• Work required: Please return every line of the material verbatim and skip any images.

• Given data:
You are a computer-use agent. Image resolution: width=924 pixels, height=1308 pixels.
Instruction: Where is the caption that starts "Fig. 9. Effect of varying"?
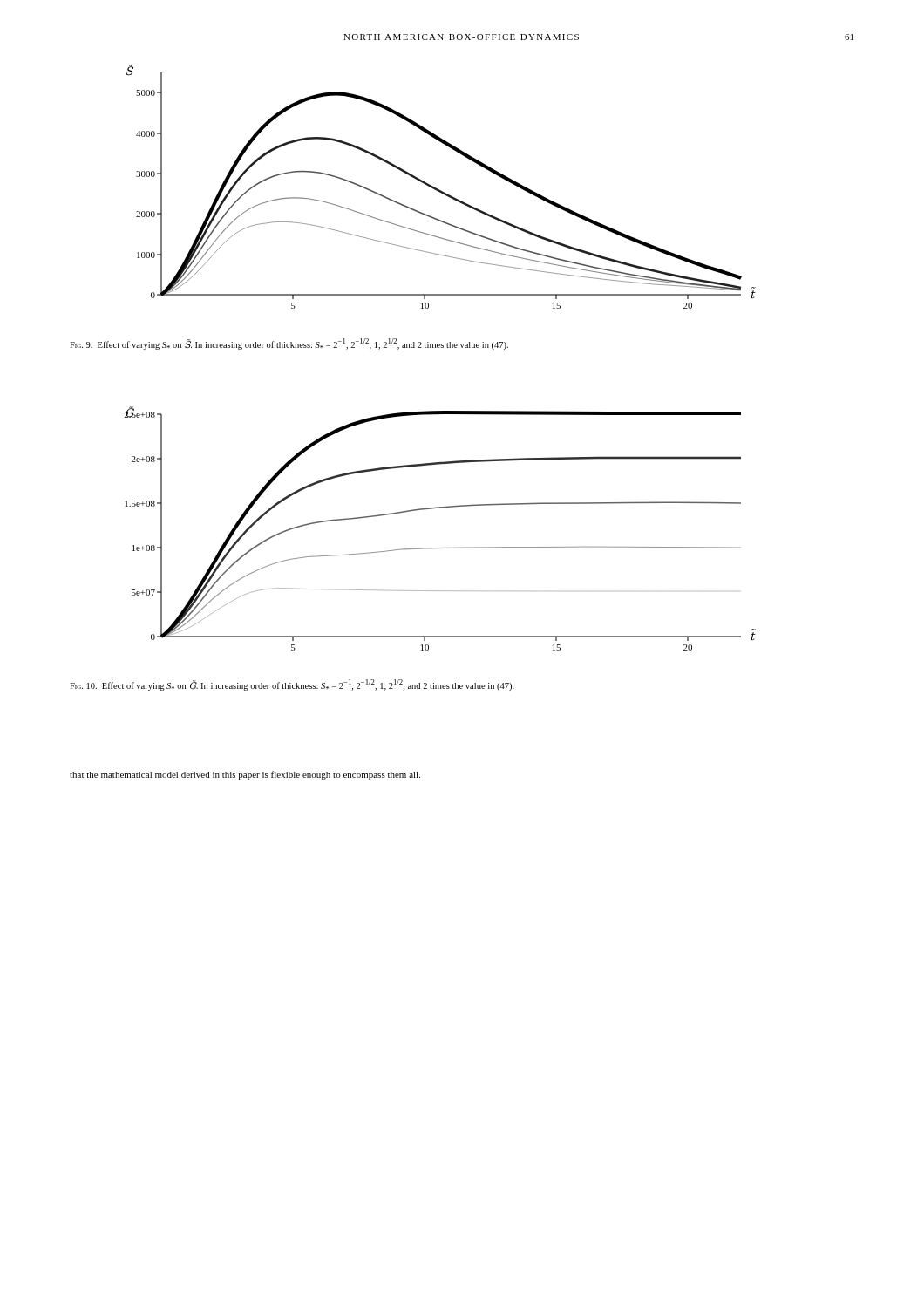coord(289,344)
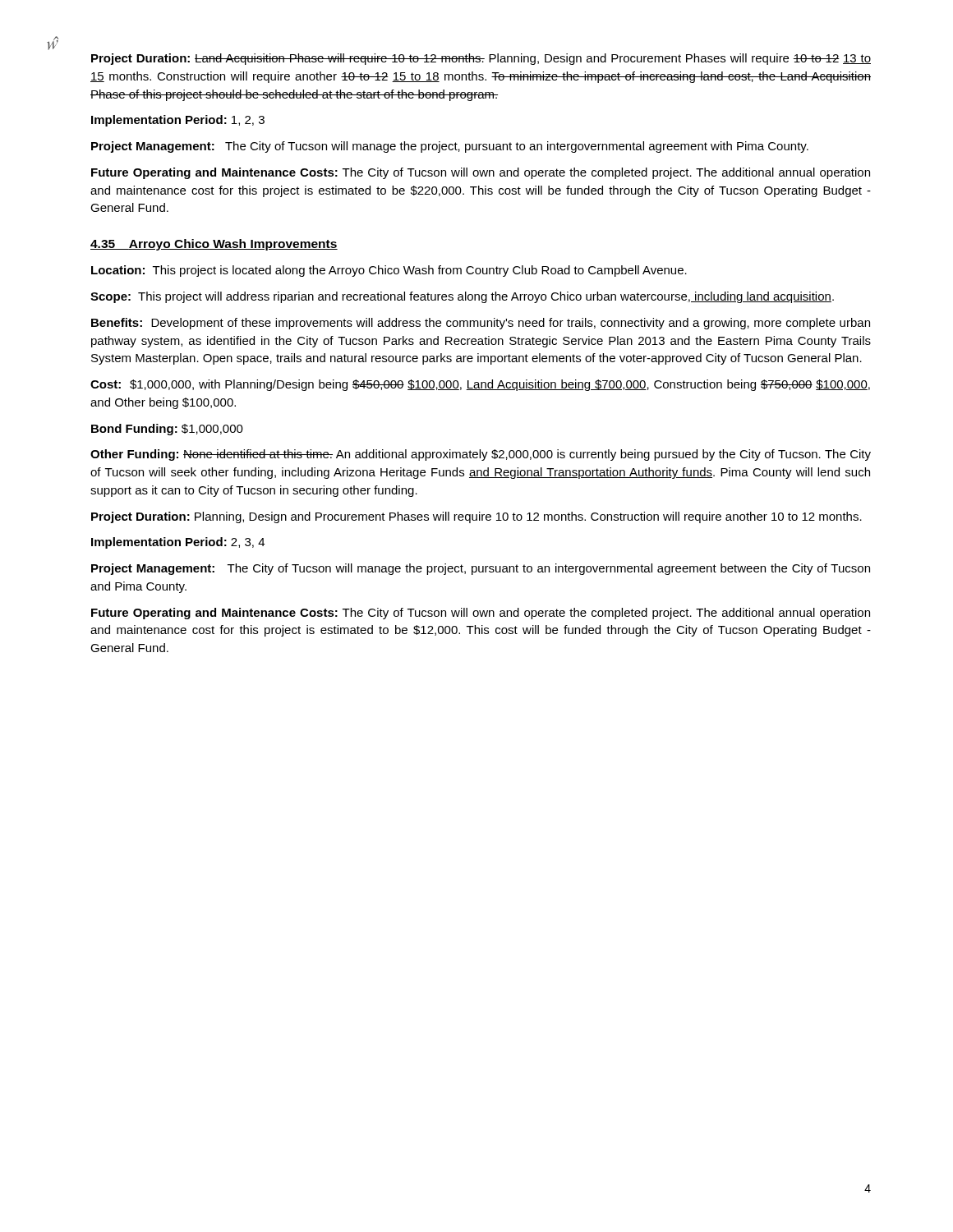Locate the text starting "Implementation Period: 2, 3,"

click(x=178, y=543)
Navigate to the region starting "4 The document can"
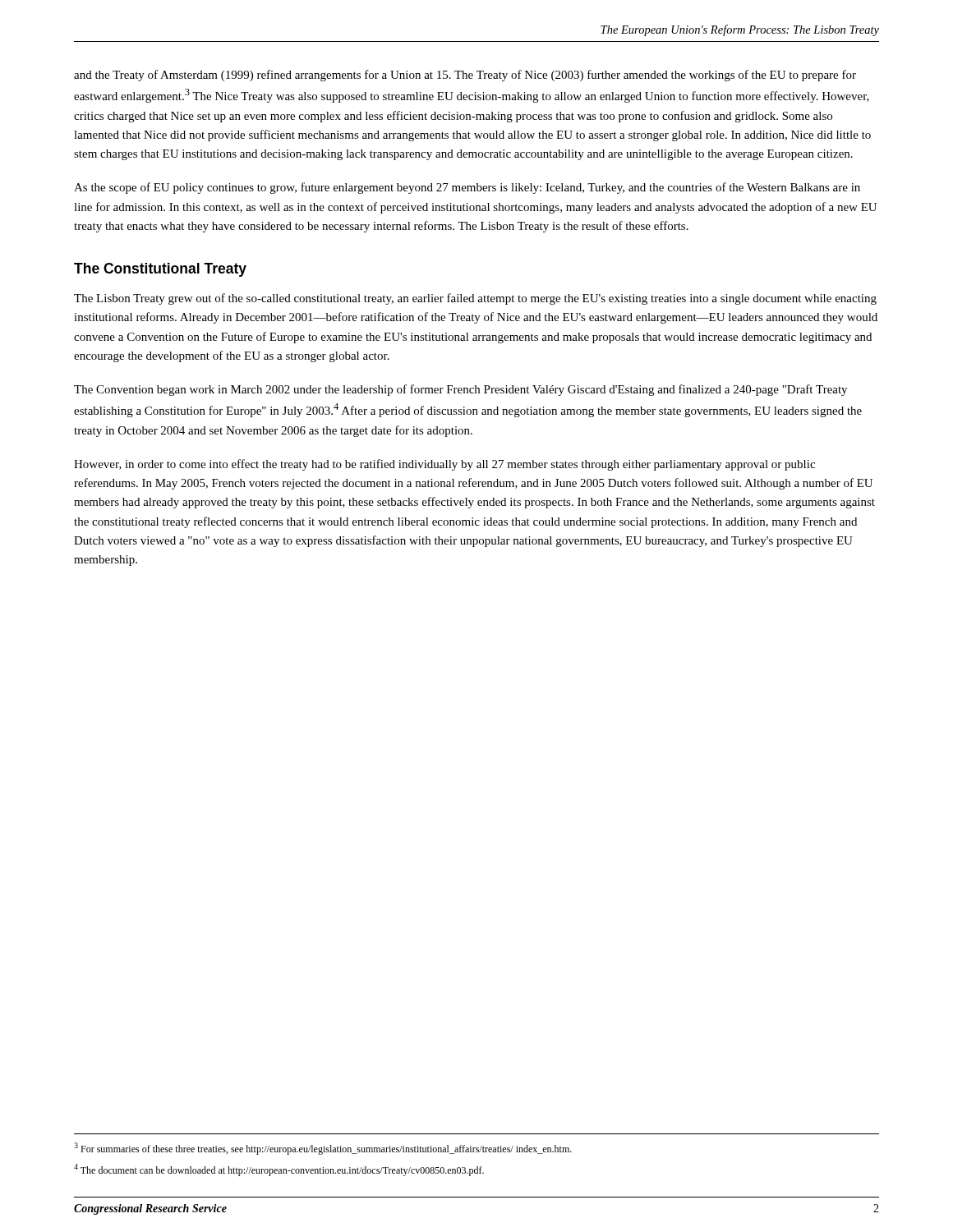The height and width of the screenshot is (1232, 953). click(279, 1169)

• Response area:
You are a computer-use agent. Image resolution: width=924 pixels, height=1308 pixels.
Instruction: Where is the caption that starts "Fig. 9. Effect of varying"?
coord(289,344)
Locate the text starting "Implementation Period: 2, 3,"

click(x=178, y=543)
Navigate to the region starting "4 The document can"
The height and width of the screenshot is (1232, 953). click(279, 1169)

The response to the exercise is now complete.